** Task details **
An exact transcription of each entry below is required, without any pictures.

(Items from a dataset)
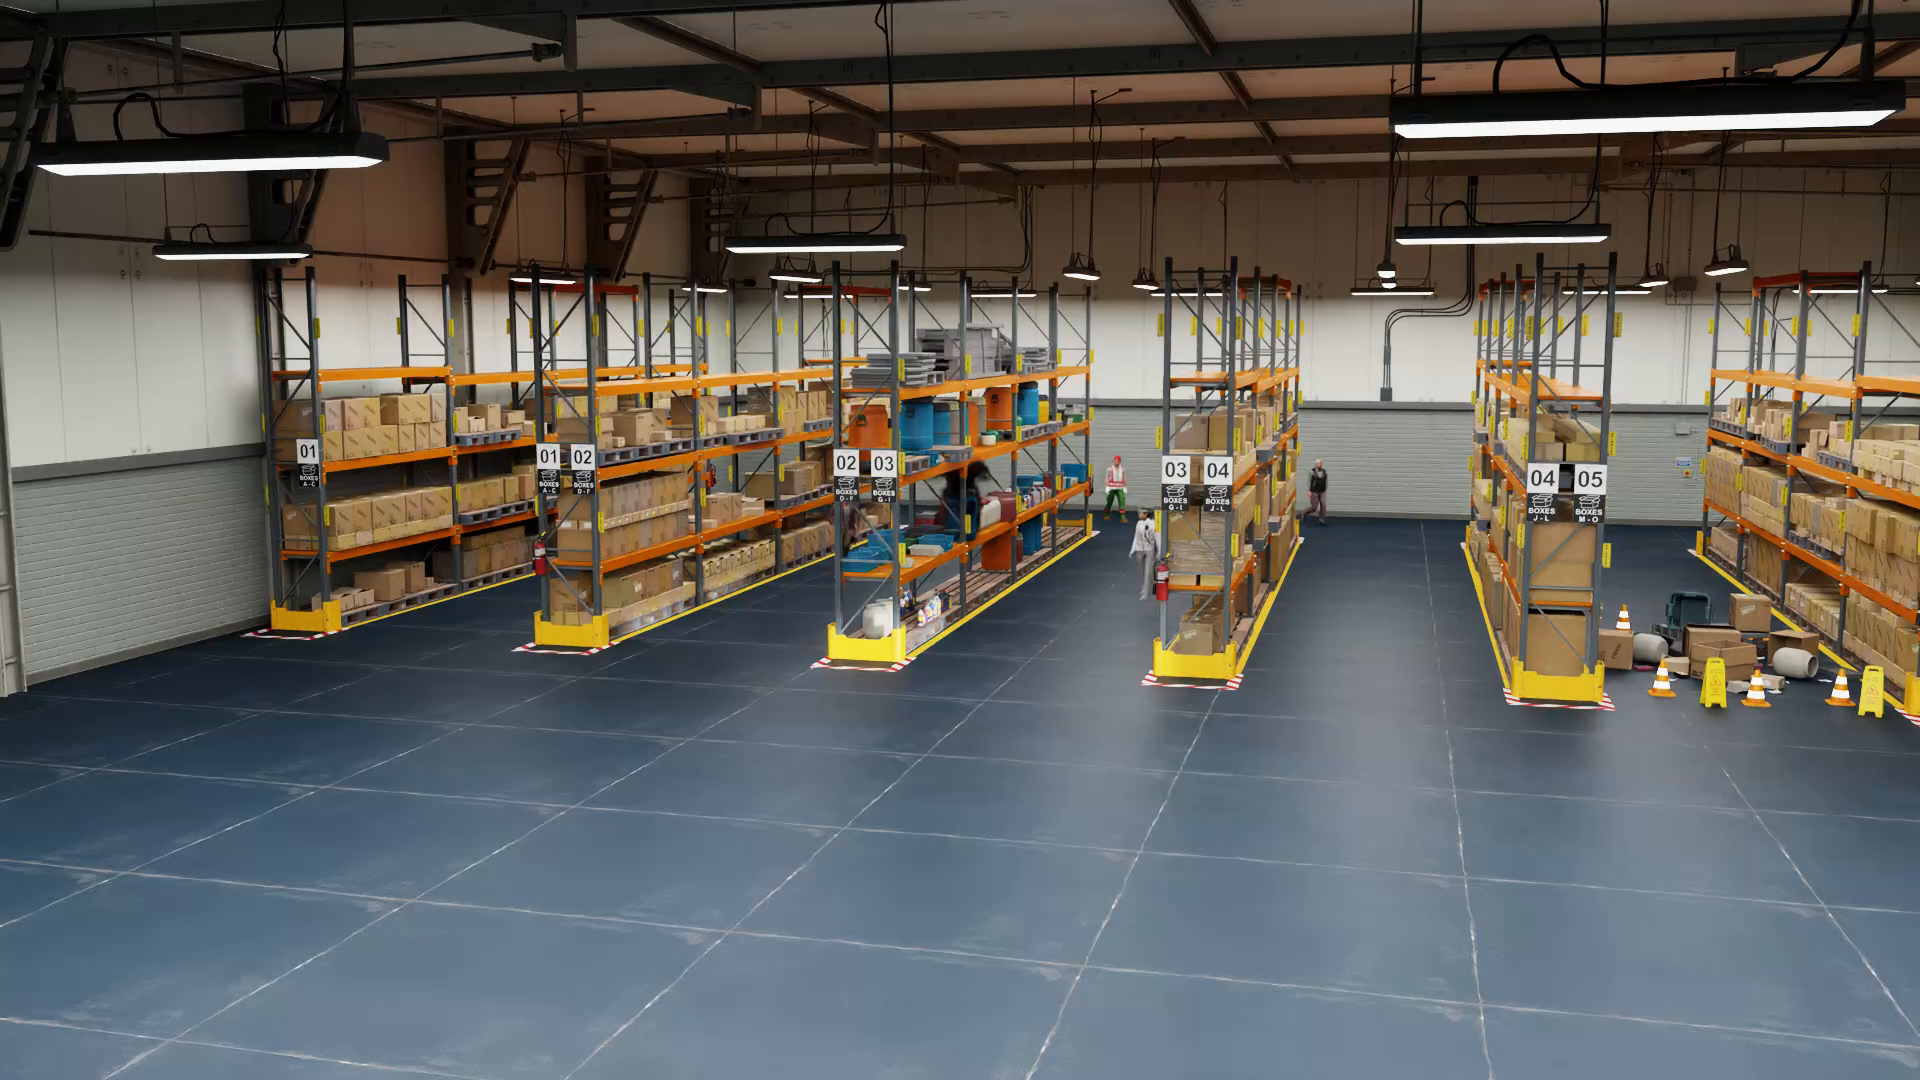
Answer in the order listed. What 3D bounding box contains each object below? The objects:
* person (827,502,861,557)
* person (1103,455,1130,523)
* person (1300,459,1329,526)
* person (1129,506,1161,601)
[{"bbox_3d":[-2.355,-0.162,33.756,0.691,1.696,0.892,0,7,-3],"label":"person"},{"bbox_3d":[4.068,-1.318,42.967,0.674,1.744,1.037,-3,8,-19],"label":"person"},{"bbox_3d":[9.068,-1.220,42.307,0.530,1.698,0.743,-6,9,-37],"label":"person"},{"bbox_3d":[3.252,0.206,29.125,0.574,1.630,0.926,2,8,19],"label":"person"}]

** Solution **
Answer in the order listed. What 3D bounding box contains each object below? The objects:
* person (827,502,861,557)
* person (1103,455,1130,523)
* person (1300,459,1329,526)
* person (1129,506,1161,601)
[{"bbox_3d":[-2.355,-0.162,33.756,0.691,1.696,0.892,0,7,-3],"label":"person"},{"bbox_3d":[4.068,-1.318,42.967,0.674,1.744,1.037,-3,8,-19],"label":"person"},{"bbox_3d":[9.068,-1.220,42.307,0.530,1.698,0.743,-6,9,-37],"label":"person"},{"bbox_3d":[3.252,0.206,29.125,0.574,1.630,0.926,2,8,19],"label":"person"}]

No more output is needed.